Queen of Hearts (Dronningen)
"Sometimes what happens and what must never happen are the same thing."
I could probably count the Danish films I have seen on one hand – Festen, a few Dreyers and Brotherhood (a film about gay neo-Nazis that was nominated in a film tournament on here once upon a time (remember tournaments – what we had before we had halls of fame
)). I should probably watch more Danish films – recommendations welcome! In fact there's a lot of countries I should watch more films from, perhaps some country-specific hofs are due...
Anyway...at the start of David Copperfield, he says something about whether he will turn out to be the hero of his own life. Here, instead, we have a protagonist who turns out to be the villain of her own life. The film plays with perspective and sympathy well – by the time Anne’s villainy begins, we have sympathy for her, so its all the more jarring – although there are signs earlier on in both her conversations with her husband and at work, that Anne is an uncompromising character and will do what she wants to stay in control. There are also hints throughout about Anne’s past which are intriguing (was she abused as child? Why doesn’t she speak to her mother?). In the aftermath of the affair, we are still rooted firmly in her perspective so the tension from her fear of discovery remains, even as that sympathy is turned upside down like the trees in the opening shot.

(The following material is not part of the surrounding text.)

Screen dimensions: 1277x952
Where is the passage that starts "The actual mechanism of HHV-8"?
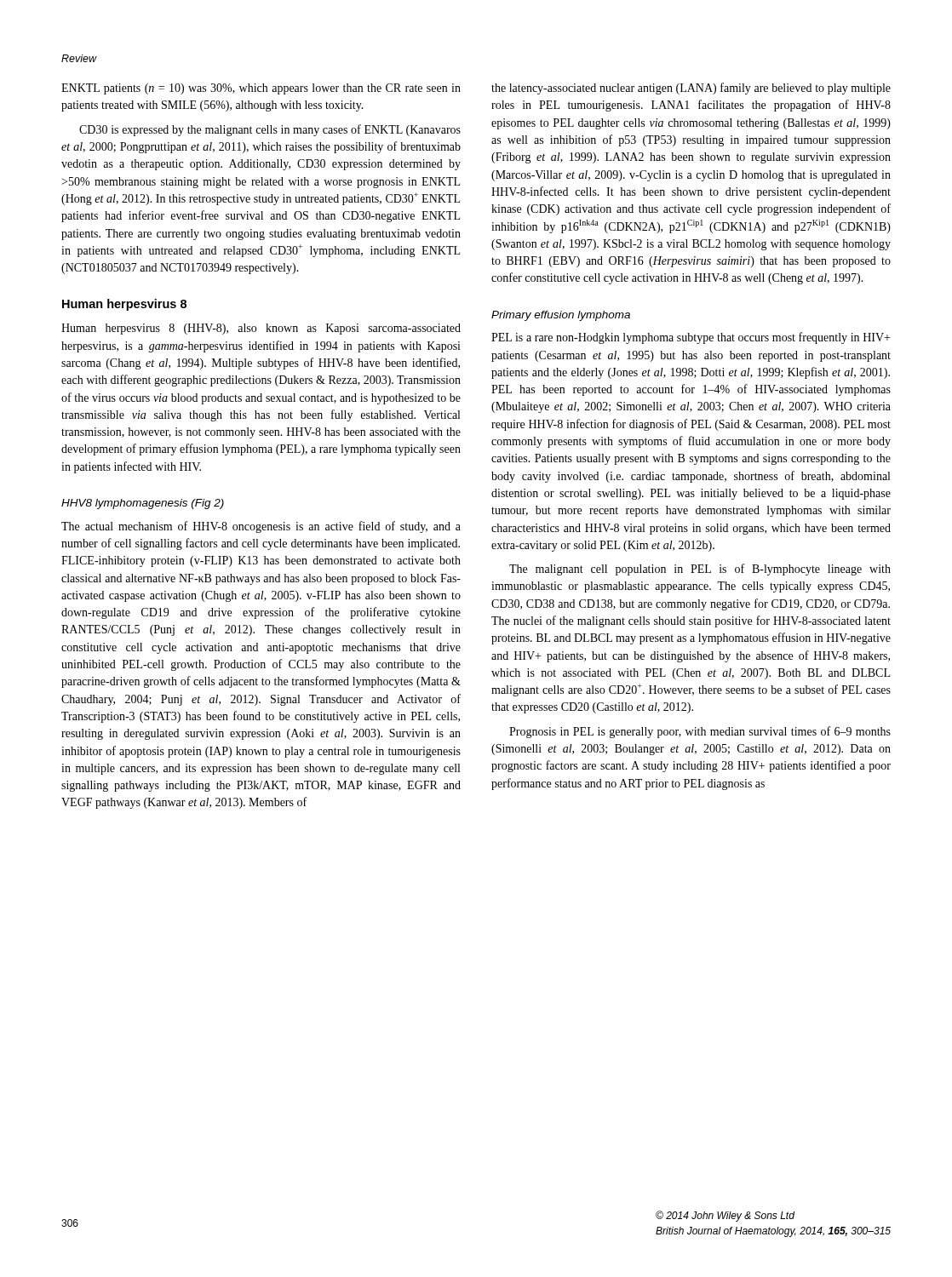tap(261, 665)
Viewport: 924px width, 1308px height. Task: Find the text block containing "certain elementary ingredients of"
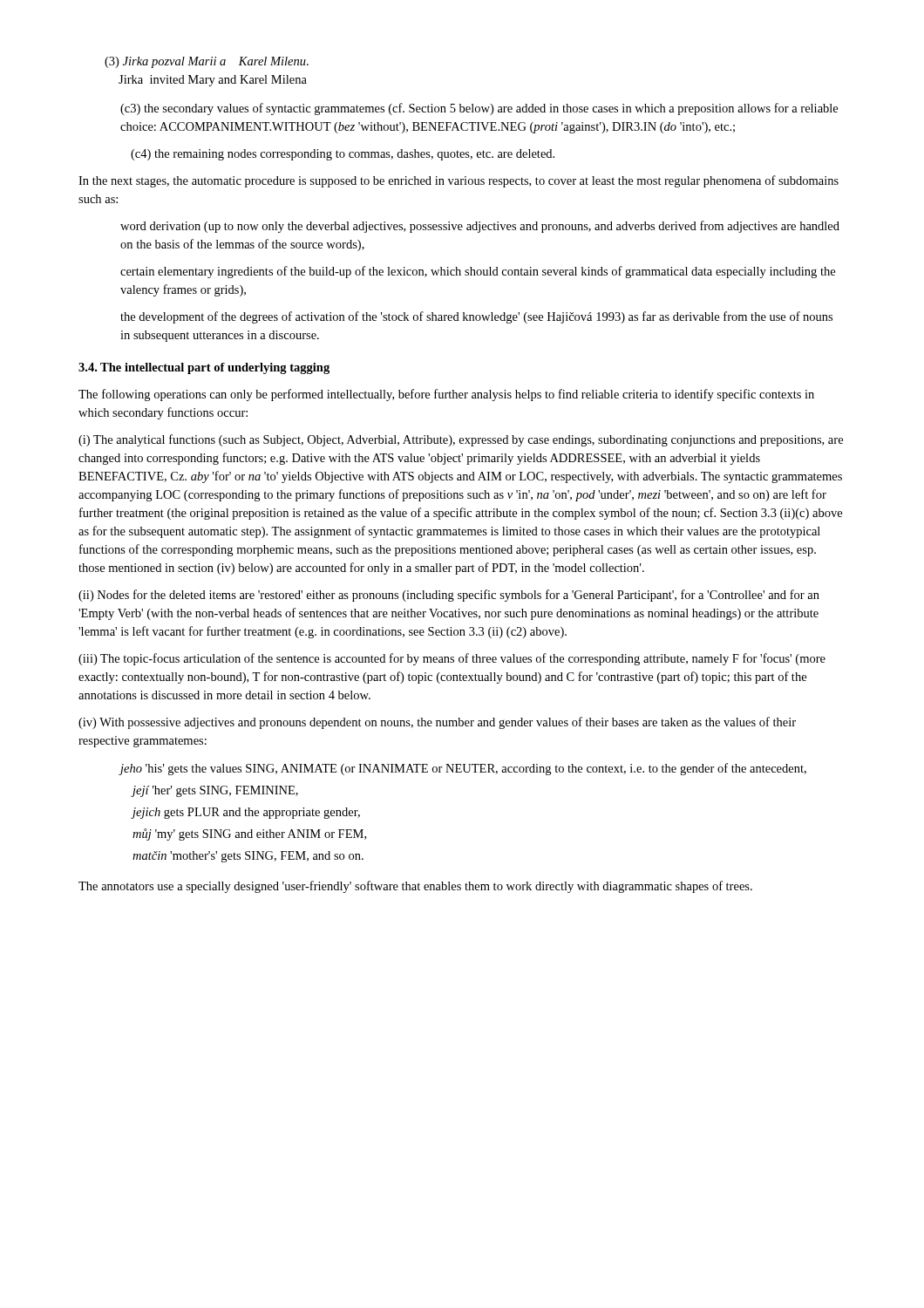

The most shocking part is not even the seduction, but her callous and calculating treatment of Gustav afterwards. She of all people who should know the damage she has done, and the further damage of denial. Only earlier she is confronting a rapist in a car park after he is acquitted, she then effectively becomes him. At one point, Anne says to her husband, “you think I’m a monster.” It’s an interesting line, because of she hasn’t been portrayed as a monster, but more as selfishly, disgustingly human. It is human nature, the dark side of it, that is being explored. Also because she defines herself so much by her ‘perfect’ life – job, marriage, children, house – that she cannot imagine herself without it, cannot admit to the monstrous thing she has done ("What are you most afraid of?" "That everything will disappear."). Towards the end, Anne shows such a lack of empathy that you wonder whether the empathy she has shown to clients earlier in the film is all fake. Her children, too, sometimes seem more like trophies of her life rather than people with whom she has empathetic interactions with as people in their own right.
One thing that made me think was the reaction of Anne’s sister. How much is she complicit by not telling someone else what she has seen? In an affair between adults, perhaps it would not be her place to interfere, but in the circumstances, shouldn’t she have done something more? She might still, beyond the timeframe of the film, and there is always that possibility hanging over Anne. It’s a horrible position for her to be in, it could make a film in its own right.
There is a sense of subtly creeping tension throughout the whole film; even from the start there is this feeling of something about to go wrong. It’s very well shot – the lighting and the way it switches from cold to warm, and the unflinching close-ups of trees. The sex scenes are pretty unflinching too – I wasn’t expecting them to be quite so explicit. It’s certainly a brave performance by the lead actress, Trine Dyrholm, and as a lot of the drama is her inner drama and conveyed through her expressions and physical performance, I thought she was fantastic.
All in all I thought it was a gripping film, not an easy or a pleasant watch but very well made and thought provoking.